──────── DATA SUPPLIED
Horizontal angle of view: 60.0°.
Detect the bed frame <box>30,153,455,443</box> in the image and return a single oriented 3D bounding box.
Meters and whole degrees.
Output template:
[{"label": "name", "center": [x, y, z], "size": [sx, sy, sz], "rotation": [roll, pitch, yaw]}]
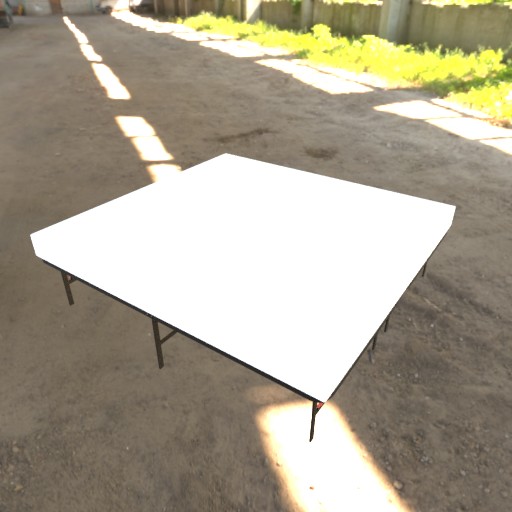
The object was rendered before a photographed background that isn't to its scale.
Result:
[{"label": "bed frame", "center": [0.000, 0.000, 3.035], "size": [2.032, 0.559, 1.930], "rotation": [20, 36, 29]}]
────────────────
EXERCISE INSTRUCTIONS: Beginning with the line that contains "The object was", output each line of the listing above through the last one, exactly and with nothing added.

RESPONSE:
The object was rendered before a photographed background that isn't to its scale.
Result:
[{"label": "bed frame", "center": [0.000, 0.000, 3.035], "size": [2.032, 0.559, 1.930], "rotation": [20, 36, 29]}]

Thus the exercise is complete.